The proof of the overall correctness is divided into a generated set of proof obligations. Each proof obligation covers one control flow:

Definition 1

(Control Flow). A control flow \(\tilde{\mathcal {S}}=\langle s_0,\dots ,s_n\rangle \) is a set of statements \(s_i \in S_m, \; m \in \mathcal {M}_{c}\). Between each pair of statements \(s_i\) and \(s_{i+1}\) exists one unique transition.

Definition 2

(Proof Obligation). The set of all generated proof obligations is \(\varPi \). A proof obligation \(\pi =(\varOmega ,\tilde{\mathcal {S}},\phi )\) is a triple, combining a set of assumptions (\(\varOmega \)), a control flow (\(\tilde{\mathcal {S}}\)), and a verification goal (\(\phi \)). We refer to the method which contains the control flow \(\tilde{\mathcal {S}}\) by \(m_\pi \). Assumptions and goals are represented as boolean predicates. A proof obligation is verified iff one can show that each execution of \(\tilde{\mathcal {S}}\) validates \(\phi \) while assuming \(\varOmega \). The predicate \(\varPsi (\pi )\) is true iff \(\pi \) can be verified. A proof obligation is always generated based on a specification \(\gamma \in \varGamma \), we write \(\varPi (\gamma ) \rightarrow \pi \).

Let’s apply this to our running example. Here we can extract two work flows and POGs: \(\tilde{s}_1 = \langle s_{12},s_{13},s_{14},s_{15}\rangle \) and \(\tilde{s}_2 = \langle s_{12},s_{13},s_{14},s_{17},s_{18},s_{19}\rangle \). The indexes \(s_i\) mark the global line number of the corresponding statement. The unverified invariant \(\phi _1=(UsedLength <= Length)\) is covered by two proof obligations: \(\varOmega _1 = \{(cutLength > 0), (CutLength != null)\}\) in \(\pi _1 = (\varOmega _1,\tilde{s}_1,\phi _1)\) and \(\pi _2 = (\varOmega _1,\tilde{s}_2,\phi _1)\).

3.2 Identifying Vulnerable Proof Obligations

The verification framework (Step 2 in Fig. 2) divides the set of POGs \(\varPi \) into a set of verified POGs \(\varPi ^+=\{\pi \in \varPi \vert \varPsi (\pi )\}\) and a set of unverified POGs \(\varPi ^-=\{\pi \in \varPi \vert \lnot \varPsi (\pi )\}\). Modular verification techniques build their correctness proof upon dependencies between different POGs.
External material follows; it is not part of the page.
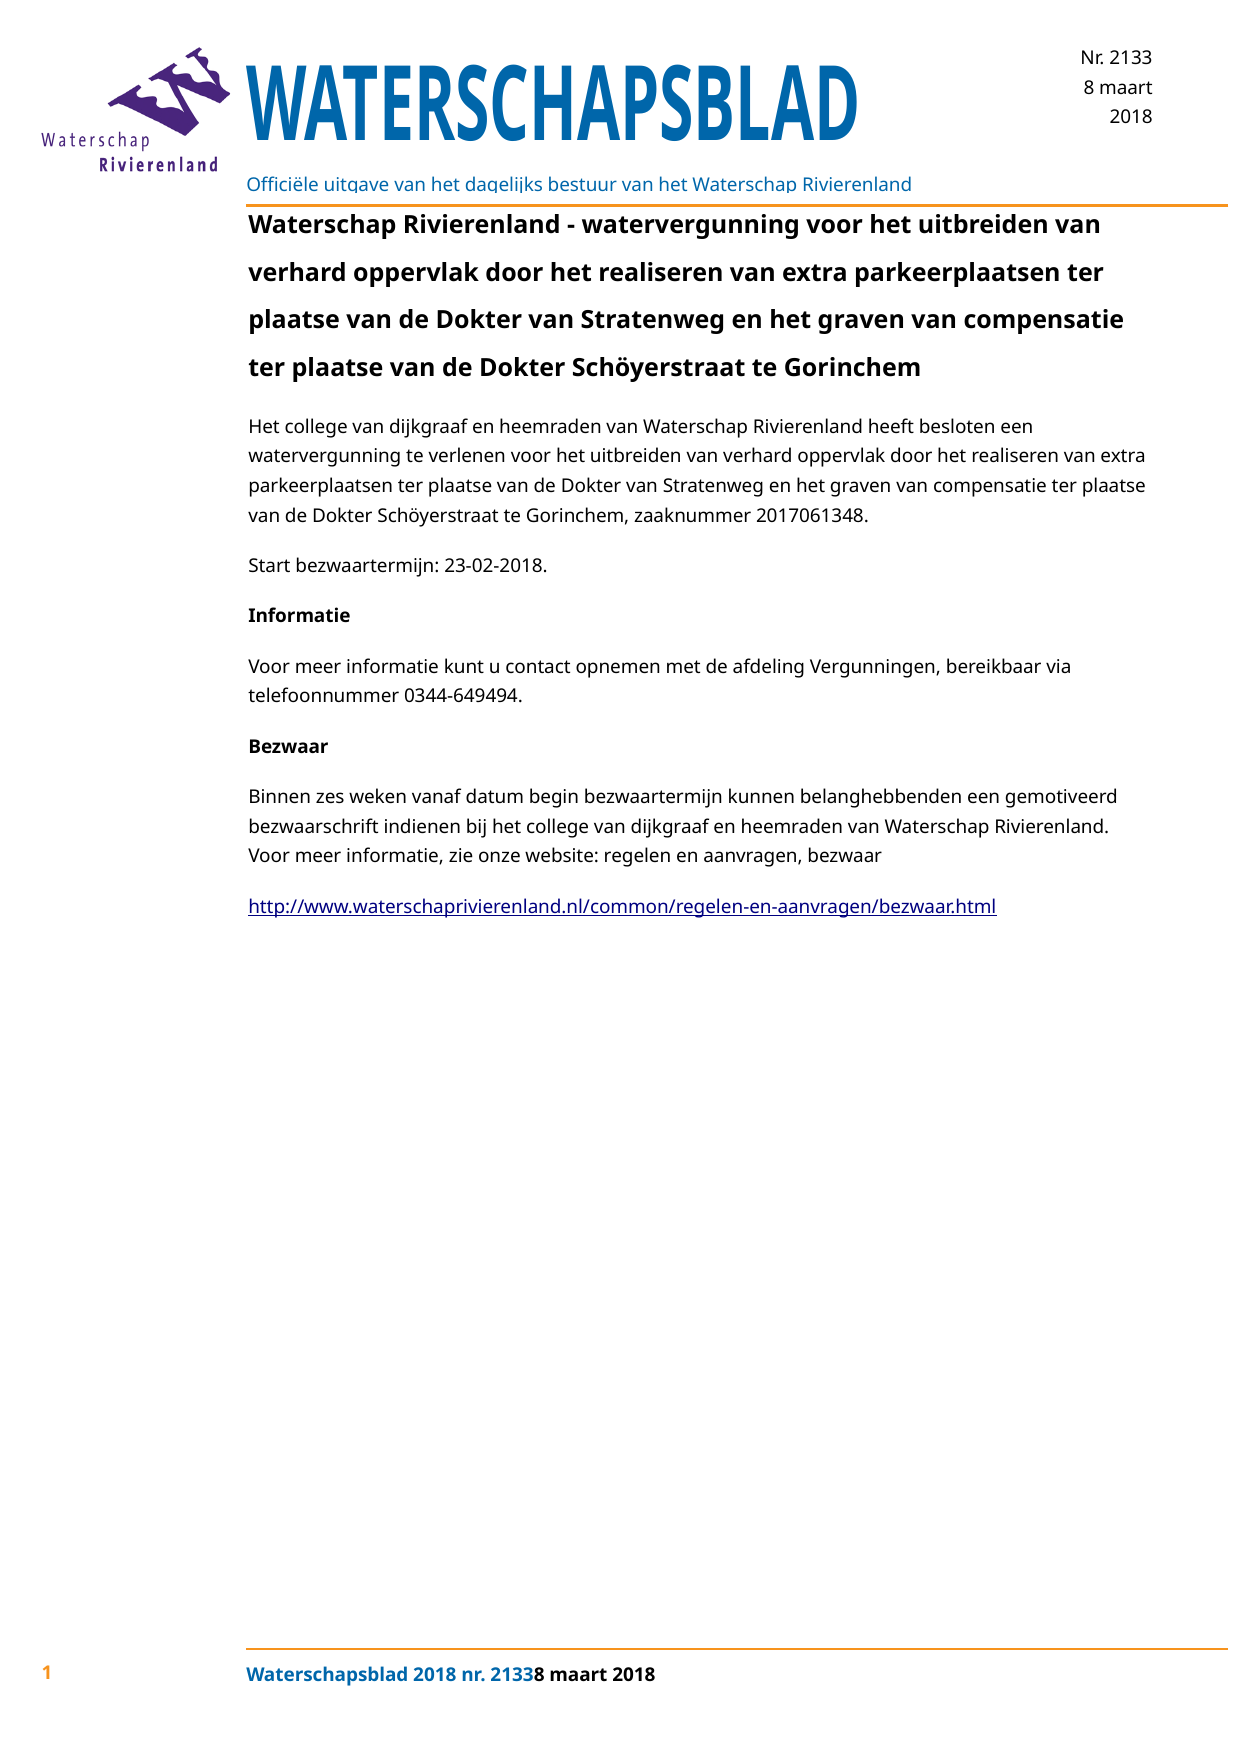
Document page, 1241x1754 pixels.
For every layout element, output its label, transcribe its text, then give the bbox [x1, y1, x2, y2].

Those dependencies must be considered when testing unverified POGs. In step 3B of Fig. 2, we identify POGs depending on unverified code. We call them vulnerable proof obligations.

Definition 3

(Vulnerable Proof Obligations). One proof obligation \(\pi _i=(\varOmega _i,\tilde{s}_i,\phi _i)\) depends on a different proof obligation \(\pi _j=(\varOmega _j,\tilde{s}_j,\phi _j)\) iff the assumption list \(\varOmega _i\) contains the verification goal \(\phi _j\):

$$\begin{aligned} \pi _i \vdash \pi _j \Leftrightarrow \exists \, \omega \in \varOmega _i \vert \omega \equiv \phi _{j} \end{aligned}$$
(1)

One proof obligation \(\pi _i\) is vulnerable iff \(\pi _i \vdash \pi _j \wedge \lnot \varPsi (\pi _j)\). The set of all vulnerable proof obligations is defined as \(\varPi ^?=\{\pi _i \vert \pi _i \vdash \pi _j \wedge \lnot \varPsi (\pi _j)\}\).

figure c

Let’s have a look what dependencies and vulnerable code section we can identify in our running example. Listing 1.3 shows another code section of the Cutting Stock program. To conserve space, we list this example without its specification. This method creates different cutting layouts using the \(\texttt {AddCut}\) method. The above defined POG \(\pi _2 = (\varOmega _1,\tilde{s}_2,\phi _1)\) of \(\texttt {AddCut}\) requires a valid precondition. Therefore, this POG depends on all POGs covering this precondition. One of those POGs is generated based on the following control flow \(\tilde{s}_3 = \langle s_{2}, s_{3}, s_{4}, s_{5}, s_{6}, \dots \rangle \) for the \(\texttt {CreateBars}\) method \(\pi _3=(\varOmega _3, \tilde{s}_3, (CLen > 0))\). This control flow must guarantee that the used cut length is greater than zero before calling \(\texttt {AddCut}\). We call this an explicit dependency. There exists another kind of dependency for all control flows calling \(\texttt {AddCut}\). These code sections depend on the invariants of \(\texttt {Bar}\), such as \(\pi _2\), even if these invariants are not explicitly addressed. This is the case because every method requires valid object states when calling their methods. We call this an implicit dependency. Such dependencies are expressed as assumptions and are handled during the POG generation. However, we remember that the POG \(\pi _2\) could not be verified. Therefore, all POGs calling \(\texttt {AddCut}\) in their control flow are considered as vulnerable.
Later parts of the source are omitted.